**What to work on**. Find all lines in the listing that include the word "right", then copy them.
--*--
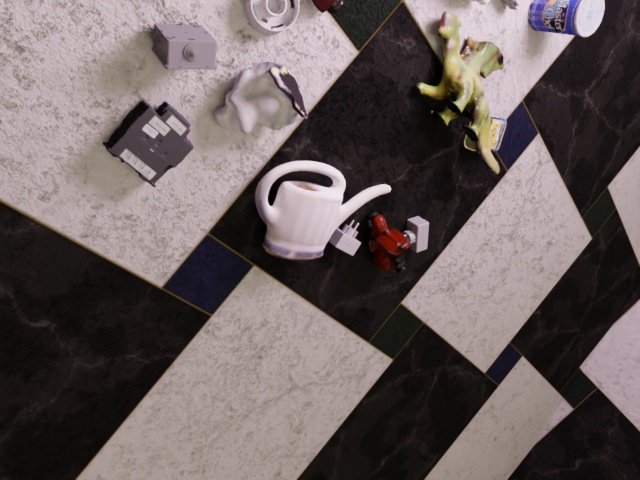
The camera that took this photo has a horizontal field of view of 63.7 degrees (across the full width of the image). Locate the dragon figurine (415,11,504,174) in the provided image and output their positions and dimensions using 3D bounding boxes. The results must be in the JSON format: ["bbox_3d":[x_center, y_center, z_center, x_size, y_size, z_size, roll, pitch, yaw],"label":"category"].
[{"bbox_3d":[0.380,-0.369,1.241,0.404,0.123,0.244,41,79,-33],"label":"dragon figurine"}]

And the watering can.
[{"bbox_3d":[0.003,-0.058,1.150,0.347,0.105,0.221,7,110,-36],"label":"watering can"}]

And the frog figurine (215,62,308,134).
[{"bbox_3d":[-0.118,-0.261,0.988,0.158,0.125,0.135,-22,144,22],"label":"frog figurine"}]
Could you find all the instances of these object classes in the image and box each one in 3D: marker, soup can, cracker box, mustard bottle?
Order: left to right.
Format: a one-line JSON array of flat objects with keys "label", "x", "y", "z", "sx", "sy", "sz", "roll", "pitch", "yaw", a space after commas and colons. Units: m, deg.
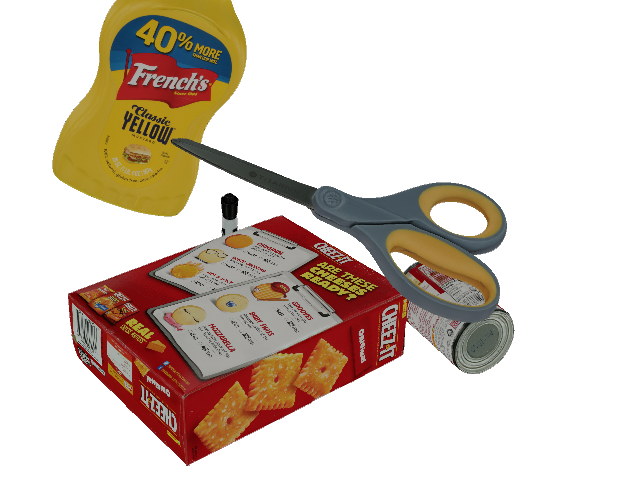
[{"label": "mustard bottle", "x": -0.103, "y": -0.113, "z": 0.708, "sx": 0.096, "sy": 0.192, "sz": 0.058, "roll": 20, "pitch": 23, "yaw": -18}, {"label": "marker", "x": -0.101, "y": -0.002, "z": 1.184, "sx": 0.020, "sy": 0.121, "sz": 0.020, "roll": 2, "pitch": 41, "yaw": -2}, {"label": "cracker box", "x": -0.063, "y": 0.069, "z": 0.838, "sx": 0.213, "sy": 0.072, "sz": 0.164, "roll": -21, "pitch": 37, "yaw": -35}, {"label": "soup can", "x": 0.121, "y": 0.068, "z": 0.980, "sx": 0.068, "sy": 0.068, "sz": 0.102, "roll": 0, "pitch": 26, "yaw": -32}]

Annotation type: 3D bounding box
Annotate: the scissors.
[{"label": "scissors", "x": 0.022, "y": -0.028, "z": 0.608, "sx": 0.202, "sy": 0.096, "sz": 0.016, "roll": 35, "pitch": -36, "yaw": 11}]
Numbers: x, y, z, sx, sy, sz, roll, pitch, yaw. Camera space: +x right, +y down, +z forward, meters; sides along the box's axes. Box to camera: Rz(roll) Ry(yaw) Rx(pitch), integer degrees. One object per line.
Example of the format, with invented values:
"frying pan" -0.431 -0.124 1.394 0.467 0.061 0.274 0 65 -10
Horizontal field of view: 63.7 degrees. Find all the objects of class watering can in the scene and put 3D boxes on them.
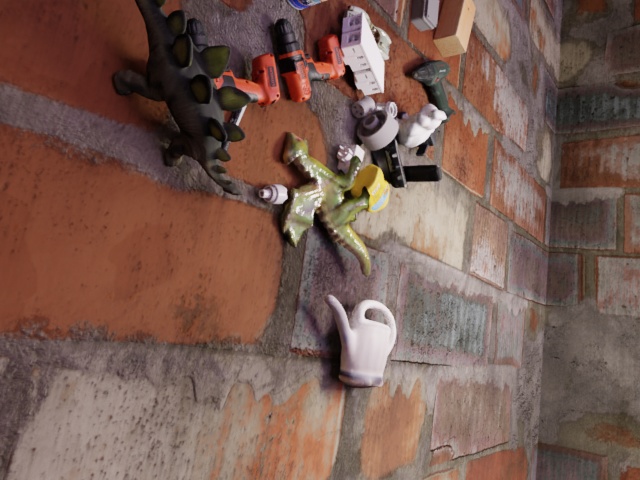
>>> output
"watering can" 0.095 0.258 1.299 0.344 0.104 0.227 24 72 -50

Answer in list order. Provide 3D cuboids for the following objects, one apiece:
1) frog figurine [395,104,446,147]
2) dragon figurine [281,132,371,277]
"frog figurine" 0.306 -0.340 1.534 0.138 0.159 0.122 -13 102 -51
"dragon figurine" 0.004 -0.062 1.224 0.245 0.122 0.406 -22 105 -32
--*--
**Solution to the exercise**.
Order: left to right.
Numbers: x, y, z, sx, sy, sz, roll, pitch, yaw. Camera space: +x right, +y down, +z forward, meters; sides along the box's axes. Box to camera: Rz(roll) Ry(yaw) Rx(pitch), integer degrees. One object per line.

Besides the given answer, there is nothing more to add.